By analyzing existing cross correlation between New Residential Investment and Leggett Platt Incorporated, you can compare the effects of market volatilities on New Residential and Leggett Platt and check how they will diversify away market risk if combined in the same portfolio for a given time horizon. You can also utilize pair trading strategies of matching a long position in New Residential with a short position of Leggett Platt. Check out your portfolio center. Please also check ongoing floating volatility patterns of New Residential and Leggett Platt.

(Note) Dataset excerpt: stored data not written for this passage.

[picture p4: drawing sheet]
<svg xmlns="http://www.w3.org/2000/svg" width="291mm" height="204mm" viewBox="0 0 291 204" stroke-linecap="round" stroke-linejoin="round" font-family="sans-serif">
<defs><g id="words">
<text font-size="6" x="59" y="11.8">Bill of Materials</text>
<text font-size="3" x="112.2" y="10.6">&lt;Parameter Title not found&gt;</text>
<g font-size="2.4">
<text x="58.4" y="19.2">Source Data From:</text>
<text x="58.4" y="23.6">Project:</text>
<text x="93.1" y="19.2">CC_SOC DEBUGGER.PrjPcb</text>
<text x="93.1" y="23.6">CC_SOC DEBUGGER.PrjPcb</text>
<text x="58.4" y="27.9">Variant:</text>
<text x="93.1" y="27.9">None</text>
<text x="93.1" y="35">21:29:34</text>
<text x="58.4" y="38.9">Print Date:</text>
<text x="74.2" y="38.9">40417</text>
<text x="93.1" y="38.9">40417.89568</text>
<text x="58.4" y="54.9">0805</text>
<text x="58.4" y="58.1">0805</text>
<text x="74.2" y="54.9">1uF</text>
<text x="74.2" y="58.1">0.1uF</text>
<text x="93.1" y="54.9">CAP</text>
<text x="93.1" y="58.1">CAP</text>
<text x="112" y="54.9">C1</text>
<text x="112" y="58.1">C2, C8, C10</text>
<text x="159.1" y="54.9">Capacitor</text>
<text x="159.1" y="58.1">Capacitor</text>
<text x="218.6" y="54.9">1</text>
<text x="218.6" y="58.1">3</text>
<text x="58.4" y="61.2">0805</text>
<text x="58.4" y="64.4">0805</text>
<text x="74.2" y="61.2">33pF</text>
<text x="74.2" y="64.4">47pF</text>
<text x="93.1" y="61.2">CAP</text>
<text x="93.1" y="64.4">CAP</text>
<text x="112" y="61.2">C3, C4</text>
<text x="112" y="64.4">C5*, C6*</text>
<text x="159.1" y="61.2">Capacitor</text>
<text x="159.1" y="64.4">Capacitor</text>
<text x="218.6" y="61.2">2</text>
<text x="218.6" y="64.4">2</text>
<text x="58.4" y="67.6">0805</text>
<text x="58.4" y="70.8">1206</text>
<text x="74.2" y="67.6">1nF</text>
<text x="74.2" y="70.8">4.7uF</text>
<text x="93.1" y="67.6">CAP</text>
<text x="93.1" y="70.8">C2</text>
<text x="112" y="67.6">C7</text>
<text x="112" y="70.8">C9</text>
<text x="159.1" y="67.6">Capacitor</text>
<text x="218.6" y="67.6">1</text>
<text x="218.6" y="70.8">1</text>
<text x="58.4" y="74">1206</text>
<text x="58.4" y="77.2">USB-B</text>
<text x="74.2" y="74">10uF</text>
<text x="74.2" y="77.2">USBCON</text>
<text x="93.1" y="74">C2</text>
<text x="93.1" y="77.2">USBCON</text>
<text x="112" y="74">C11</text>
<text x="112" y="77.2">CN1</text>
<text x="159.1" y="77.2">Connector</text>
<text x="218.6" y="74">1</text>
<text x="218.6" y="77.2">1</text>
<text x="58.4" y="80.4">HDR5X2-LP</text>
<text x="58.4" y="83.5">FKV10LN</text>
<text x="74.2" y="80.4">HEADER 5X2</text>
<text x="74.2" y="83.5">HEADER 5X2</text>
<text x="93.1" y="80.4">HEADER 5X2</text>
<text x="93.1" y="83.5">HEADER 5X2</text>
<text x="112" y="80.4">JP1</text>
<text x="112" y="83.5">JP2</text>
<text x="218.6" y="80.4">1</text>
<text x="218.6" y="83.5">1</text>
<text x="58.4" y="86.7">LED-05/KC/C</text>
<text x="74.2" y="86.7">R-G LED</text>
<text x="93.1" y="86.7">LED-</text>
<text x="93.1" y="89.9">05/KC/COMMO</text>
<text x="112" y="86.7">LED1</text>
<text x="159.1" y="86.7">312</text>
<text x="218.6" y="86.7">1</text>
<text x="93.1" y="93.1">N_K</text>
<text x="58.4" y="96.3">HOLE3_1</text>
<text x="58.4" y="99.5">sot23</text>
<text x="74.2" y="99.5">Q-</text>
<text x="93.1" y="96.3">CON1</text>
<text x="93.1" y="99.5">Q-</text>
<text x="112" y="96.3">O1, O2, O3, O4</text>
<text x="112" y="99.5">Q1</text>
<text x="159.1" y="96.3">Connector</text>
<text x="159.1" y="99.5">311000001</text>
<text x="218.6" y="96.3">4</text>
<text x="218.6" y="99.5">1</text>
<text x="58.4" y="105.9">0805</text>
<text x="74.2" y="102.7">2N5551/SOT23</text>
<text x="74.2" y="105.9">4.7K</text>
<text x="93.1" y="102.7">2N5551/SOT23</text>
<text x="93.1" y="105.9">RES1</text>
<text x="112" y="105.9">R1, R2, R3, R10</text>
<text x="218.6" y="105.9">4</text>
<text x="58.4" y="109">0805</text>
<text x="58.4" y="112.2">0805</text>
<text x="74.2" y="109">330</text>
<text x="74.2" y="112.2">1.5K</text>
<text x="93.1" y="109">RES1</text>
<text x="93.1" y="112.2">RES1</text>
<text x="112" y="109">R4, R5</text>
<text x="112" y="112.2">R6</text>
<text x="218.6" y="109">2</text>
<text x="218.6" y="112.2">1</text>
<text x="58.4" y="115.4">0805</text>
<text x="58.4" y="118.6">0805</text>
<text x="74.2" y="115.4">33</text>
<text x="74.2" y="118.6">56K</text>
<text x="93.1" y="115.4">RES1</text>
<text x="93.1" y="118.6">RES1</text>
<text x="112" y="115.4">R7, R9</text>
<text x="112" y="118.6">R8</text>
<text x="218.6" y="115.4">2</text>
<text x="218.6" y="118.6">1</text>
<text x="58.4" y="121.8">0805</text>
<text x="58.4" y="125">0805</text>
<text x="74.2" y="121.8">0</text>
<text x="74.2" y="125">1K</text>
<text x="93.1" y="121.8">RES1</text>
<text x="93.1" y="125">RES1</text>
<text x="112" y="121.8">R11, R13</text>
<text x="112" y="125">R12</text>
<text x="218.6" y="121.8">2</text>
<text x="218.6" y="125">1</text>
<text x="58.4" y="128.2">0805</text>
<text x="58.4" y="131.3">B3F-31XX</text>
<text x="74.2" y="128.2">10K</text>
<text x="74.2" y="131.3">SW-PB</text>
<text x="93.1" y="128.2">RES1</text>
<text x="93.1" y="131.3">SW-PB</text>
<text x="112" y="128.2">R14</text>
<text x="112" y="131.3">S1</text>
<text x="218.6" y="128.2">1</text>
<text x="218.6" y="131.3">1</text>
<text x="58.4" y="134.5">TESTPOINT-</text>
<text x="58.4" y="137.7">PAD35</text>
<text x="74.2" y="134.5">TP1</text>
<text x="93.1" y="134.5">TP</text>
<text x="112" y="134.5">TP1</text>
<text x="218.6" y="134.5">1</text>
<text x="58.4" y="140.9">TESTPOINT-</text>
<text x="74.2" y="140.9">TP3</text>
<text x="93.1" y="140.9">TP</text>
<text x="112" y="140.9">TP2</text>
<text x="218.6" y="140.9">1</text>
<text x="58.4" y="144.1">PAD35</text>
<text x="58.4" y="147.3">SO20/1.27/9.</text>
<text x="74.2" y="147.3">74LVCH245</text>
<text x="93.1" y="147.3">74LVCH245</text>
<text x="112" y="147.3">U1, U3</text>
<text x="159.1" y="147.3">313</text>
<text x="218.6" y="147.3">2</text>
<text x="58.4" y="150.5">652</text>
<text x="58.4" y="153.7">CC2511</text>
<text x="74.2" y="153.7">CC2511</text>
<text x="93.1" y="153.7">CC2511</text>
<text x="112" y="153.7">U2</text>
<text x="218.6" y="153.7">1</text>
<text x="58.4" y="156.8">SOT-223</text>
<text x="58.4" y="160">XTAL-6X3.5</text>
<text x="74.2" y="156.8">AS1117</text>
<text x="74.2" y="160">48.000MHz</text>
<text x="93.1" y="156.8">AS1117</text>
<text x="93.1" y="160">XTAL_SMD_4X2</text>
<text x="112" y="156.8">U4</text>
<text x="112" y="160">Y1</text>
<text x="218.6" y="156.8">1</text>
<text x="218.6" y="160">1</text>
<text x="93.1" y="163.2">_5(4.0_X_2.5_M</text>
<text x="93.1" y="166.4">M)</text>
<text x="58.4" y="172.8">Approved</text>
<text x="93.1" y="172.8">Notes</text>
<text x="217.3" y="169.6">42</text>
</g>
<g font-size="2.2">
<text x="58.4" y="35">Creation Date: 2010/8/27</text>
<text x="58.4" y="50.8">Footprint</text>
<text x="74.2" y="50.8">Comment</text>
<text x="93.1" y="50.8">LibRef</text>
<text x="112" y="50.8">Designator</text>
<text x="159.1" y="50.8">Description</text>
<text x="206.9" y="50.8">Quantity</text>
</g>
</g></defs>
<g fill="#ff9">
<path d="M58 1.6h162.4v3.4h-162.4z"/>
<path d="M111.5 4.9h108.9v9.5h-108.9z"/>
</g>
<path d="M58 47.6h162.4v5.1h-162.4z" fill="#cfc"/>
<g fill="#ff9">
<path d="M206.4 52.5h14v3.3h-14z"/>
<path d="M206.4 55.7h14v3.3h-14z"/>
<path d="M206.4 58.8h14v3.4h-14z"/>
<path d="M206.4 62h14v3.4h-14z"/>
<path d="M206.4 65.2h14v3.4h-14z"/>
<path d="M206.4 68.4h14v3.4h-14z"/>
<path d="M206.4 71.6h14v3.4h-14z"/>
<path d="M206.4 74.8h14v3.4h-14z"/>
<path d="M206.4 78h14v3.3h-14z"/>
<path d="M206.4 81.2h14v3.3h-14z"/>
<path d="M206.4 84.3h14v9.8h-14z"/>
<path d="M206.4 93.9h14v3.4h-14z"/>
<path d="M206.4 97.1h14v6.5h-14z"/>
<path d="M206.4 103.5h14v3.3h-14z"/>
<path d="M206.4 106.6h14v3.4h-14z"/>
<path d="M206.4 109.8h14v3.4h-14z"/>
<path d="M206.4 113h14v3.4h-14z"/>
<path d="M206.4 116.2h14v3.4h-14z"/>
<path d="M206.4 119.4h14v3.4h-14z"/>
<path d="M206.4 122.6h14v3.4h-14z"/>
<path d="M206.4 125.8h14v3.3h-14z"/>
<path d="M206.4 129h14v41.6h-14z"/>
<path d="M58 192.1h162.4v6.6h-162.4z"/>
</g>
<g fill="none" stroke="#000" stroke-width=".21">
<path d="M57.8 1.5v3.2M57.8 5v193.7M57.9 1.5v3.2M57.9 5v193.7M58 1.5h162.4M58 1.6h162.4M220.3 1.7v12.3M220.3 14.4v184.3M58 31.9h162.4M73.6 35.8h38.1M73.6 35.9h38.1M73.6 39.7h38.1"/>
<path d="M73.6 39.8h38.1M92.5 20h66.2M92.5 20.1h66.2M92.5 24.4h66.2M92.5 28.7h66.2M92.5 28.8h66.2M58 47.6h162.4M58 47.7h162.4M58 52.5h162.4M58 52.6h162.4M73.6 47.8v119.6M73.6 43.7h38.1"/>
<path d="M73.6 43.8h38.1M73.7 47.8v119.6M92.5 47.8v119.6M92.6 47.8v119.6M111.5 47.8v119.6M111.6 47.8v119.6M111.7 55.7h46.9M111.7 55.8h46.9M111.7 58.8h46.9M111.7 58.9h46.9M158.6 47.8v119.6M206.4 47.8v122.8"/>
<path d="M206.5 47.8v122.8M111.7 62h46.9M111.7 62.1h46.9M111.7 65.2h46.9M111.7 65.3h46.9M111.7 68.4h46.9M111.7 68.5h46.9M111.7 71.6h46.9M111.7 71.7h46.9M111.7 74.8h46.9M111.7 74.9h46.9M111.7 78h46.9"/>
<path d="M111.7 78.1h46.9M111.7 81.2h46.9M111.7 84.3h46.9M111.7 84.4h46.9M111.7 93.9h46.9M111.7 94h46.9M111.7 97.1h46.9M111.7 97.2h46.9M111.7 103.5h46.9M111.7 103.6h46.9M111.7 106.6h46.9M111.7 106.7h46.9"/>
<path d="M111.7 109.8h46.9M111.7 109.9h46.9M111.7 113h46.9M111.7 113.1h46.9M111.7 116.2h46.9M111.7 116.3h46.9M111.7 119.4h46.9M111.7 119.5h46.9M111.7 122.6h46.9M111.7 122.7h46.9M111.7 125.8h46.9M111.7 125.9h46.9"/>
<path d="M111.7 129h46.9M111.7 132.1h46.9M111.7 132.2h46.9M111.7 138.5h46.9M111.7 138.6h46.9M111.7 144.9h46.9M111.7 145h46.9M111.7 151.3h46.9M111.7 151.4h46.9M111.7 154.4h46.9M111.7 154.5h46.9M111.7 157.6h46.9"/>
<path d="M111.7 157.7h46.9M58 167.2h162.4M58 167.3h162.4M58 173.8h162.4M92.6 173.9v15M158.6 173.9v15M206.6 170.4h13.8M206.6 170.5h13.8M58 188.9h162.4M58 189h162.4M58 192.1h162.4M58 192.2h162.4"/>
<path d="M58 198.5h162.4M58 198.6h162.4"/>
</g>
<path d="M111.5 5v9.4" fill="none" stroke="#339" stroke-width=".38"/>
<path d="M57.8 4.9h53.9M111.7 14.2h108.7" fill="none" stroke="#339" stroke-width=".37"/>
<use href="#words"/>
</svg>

Diversification Opportunities for New Residential and Leggett Platt

-0.33
  Correlation Coefficient

Very good diversification

The 3 months correlation between New and Leggett is -0.33. Overlapping area represents the amount of risk that can be diversified away by holding New Residential Investment and Leggett Platt Incorporated in the same portfolio, assuming nothing else is changed. The correlation between historical prices or returns on Leggett Platt and New Residential is a relative statistical measure of the degree to which these equity instruments tend to move together. The correlation coefficient measures the extent to which returns on New Residential Investment are associated (or correlated) with Leggett Platt. Values of the correlation coefficient range from -1 to +1, where. The correlation of zero (0) is possible when the price movement of Leggett Platt has no effect on the direction of New Residential i.e., New Residential and Leggett Platt go up and down completely randomly.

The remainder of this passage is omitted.